Ha oído uno a Rodríguez Ibarra algo parecido en una radio respecto a los pactos de su partido, el PSOE, con Unidas Podemos y acaso también con Esquerra Republicana de Catalunya: no acababa de entender cómo sus compañeros, incluido el presidente del Gobierno, se oponían a ellos hace tan solo unas semanas y hoy los aplauden “sin mover”, dijo, “las pestañas…”. De hecho, de los 100.000 militantes llamados a refrendar esos pactos, 90.000 se han mostrado de acuerdo, y el exdirigente socialista se preguntaba un tanto atónito si todos ellos ya lo pensaban así antes de las elecciones, cuando Pedro Sánchez nos ponía al tanto de su intimidad, quiero decir, de lo que le quitaba el sueño, o habían cambiado en cuanto Sánchez había vuelto a dormir a pierna suelta sabiendo que podría hacerlo en el mismo colchón que se llevó a La Moncloa.
Lo extraño viene ahora, sin embargo: aquellos que defiendan hoy lo mismo que decía Pedro Sánchez en la campaña electoral (o sea, cualquier cosa antes que un pacto con leninistas y golpistas) dejarán de ser “progresistas”, para formar parte de “las tres derechas”, si acaso no del “trifachito”.
A la mañana siguiente de la noche electoral, cuando un grupo de personas gritaba frente a la sede del PSOE: “¡Con Iglesias, sí!”, el secretario de Organización de este partido alardeó de conocer sus federaciones lo bastante como para asegurar que no se había tropezado con un solo militante que avalara ese pacto. No sé qué habrá dicho cuando quince días después más del 90% de sus compañeros suscribieron ese mismo pacto que él y su jefe Sánchez les habían negado al principio y propuesto dos días después de ganar las elecciones, que acaso ganaran porque prometieron no llevarlo a cabo nunca.
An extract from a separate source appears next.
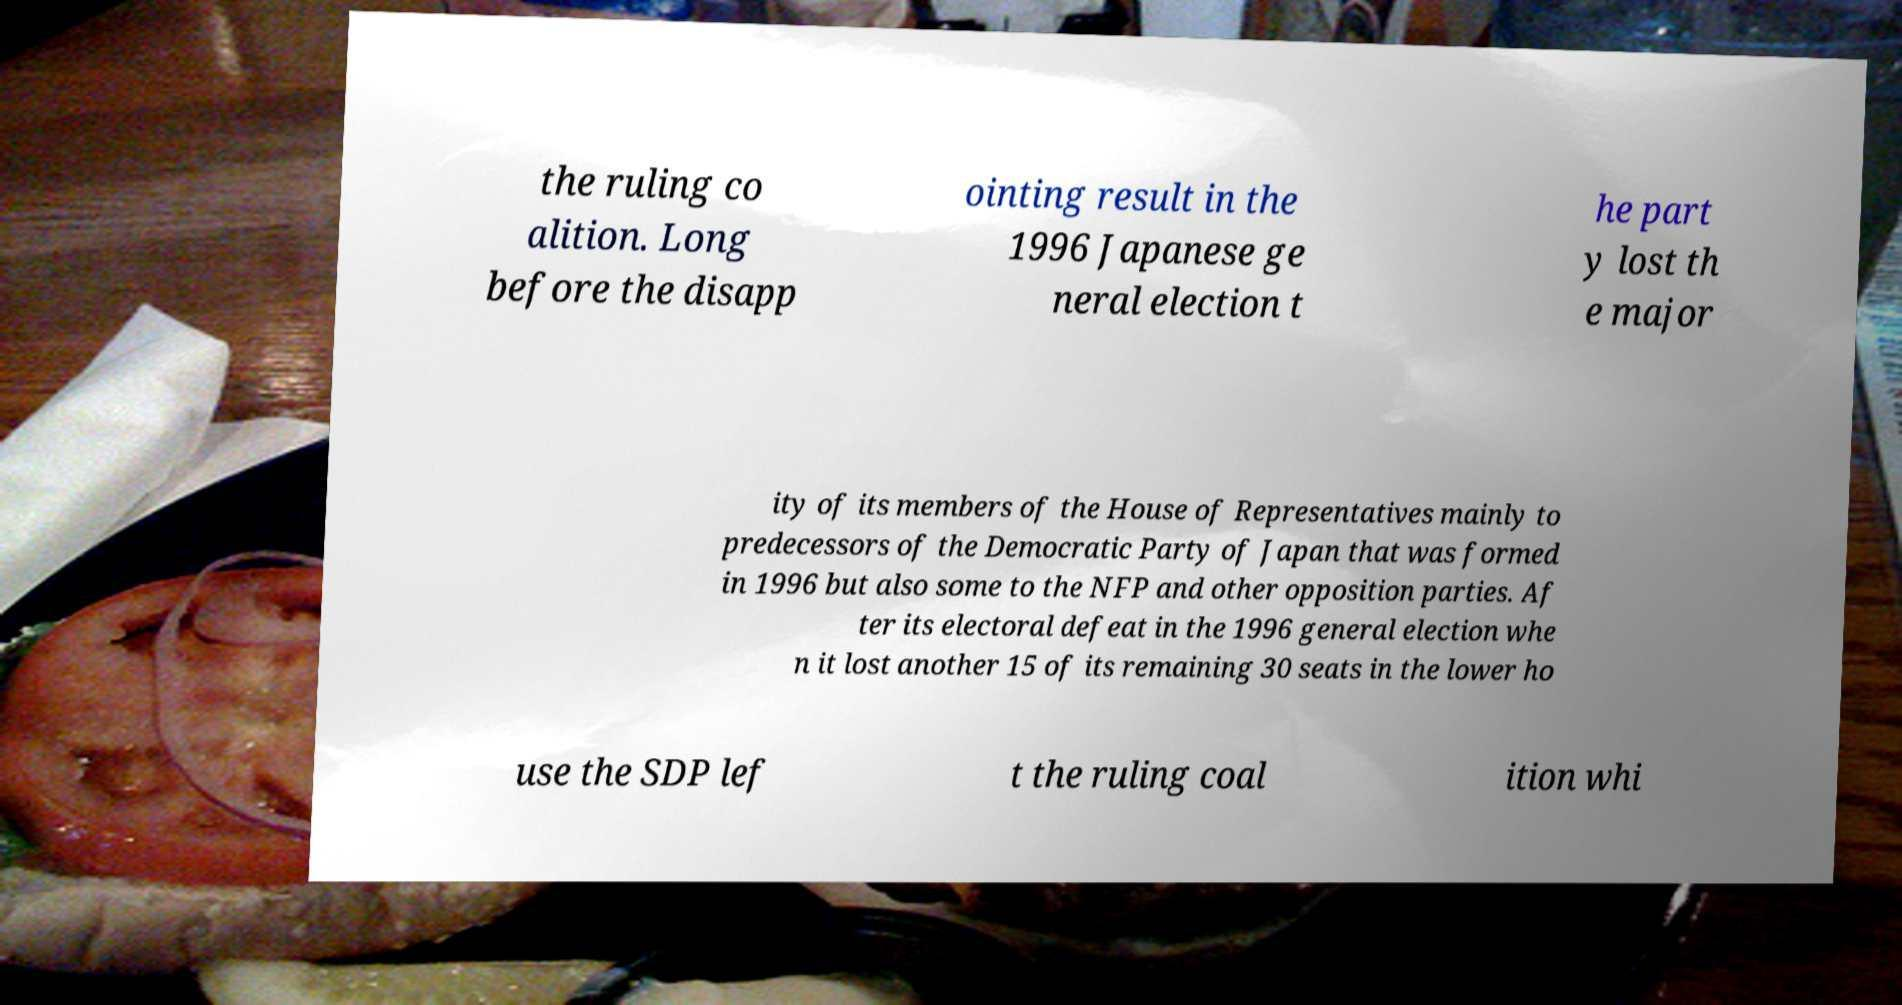Please read and relay the text visible in this image. What does it say? the ruling co alition. Long before the disapp ointing result in the 1996 Japanese ge neral election t he part y lost th e major ity of its members of the House of Representatives mainly to predecessors of the Democratic Party of Japan that was formed in 1996 but also some to the NFP and other opposition parties. Af ter its electoral defeat in the 1996 general election whe n it lost another 15 of its remaining 30 seats in the lower ho use the SDP lef t the ruling coal ition whi

Buscar un poco de racionalidad en todos estos procesos es imposible. Hace mucho tiempo que hemos renunciado a entender nada. Cada día parece confirmarse lo que decía un amigo: dos discuten, uno lleva razón y otro no; gana siempre el que no la lleva. En un Estado democrático puede llevar la razón uno u otro, y disputar por ello, pero para eso están los árbitros, los jueces. Los jueces han condenado a los sediciosos del procès, y que estos sigan creyendo pese a todo que llevan la razón es hasta cierto punto lógico. Recuerdan un poco el consejo que le dio a cierto joven uno de sus padrinos el día de su boda, allá en el siglo XX: “Hijo, el secreto de tu matrimonio es este, no lo olvides nunca: aunque una noche vengas oliendo a colonia barata, tú niega siempre; es lo que te permitirá seguir yendo de… etcétera”. Los golpistas, por ejemplo, que siguen viviendo en el siglo XIX, niegan que nunca proclamaran la república catalana, aunque sostienen que volverán a proclamarla en cuanto puedan. Por eso no se comprende que quien ha ganado ese pleito, o sea, el Estado, le dé la razón, Gobierno mediante, a los que no la tienen, a los que han perdido, tratando, en primer lugar, de cambiar las palabras (“no es conveniente hablar de vencedores ni vencidos”), obviar a los jueces y admitir en su propio equipo a quienes, habiendo perdido, se presentan como vencedores, sea en la cárcel, en el exilio por fuga o en un sillón del Consejo de Ministros.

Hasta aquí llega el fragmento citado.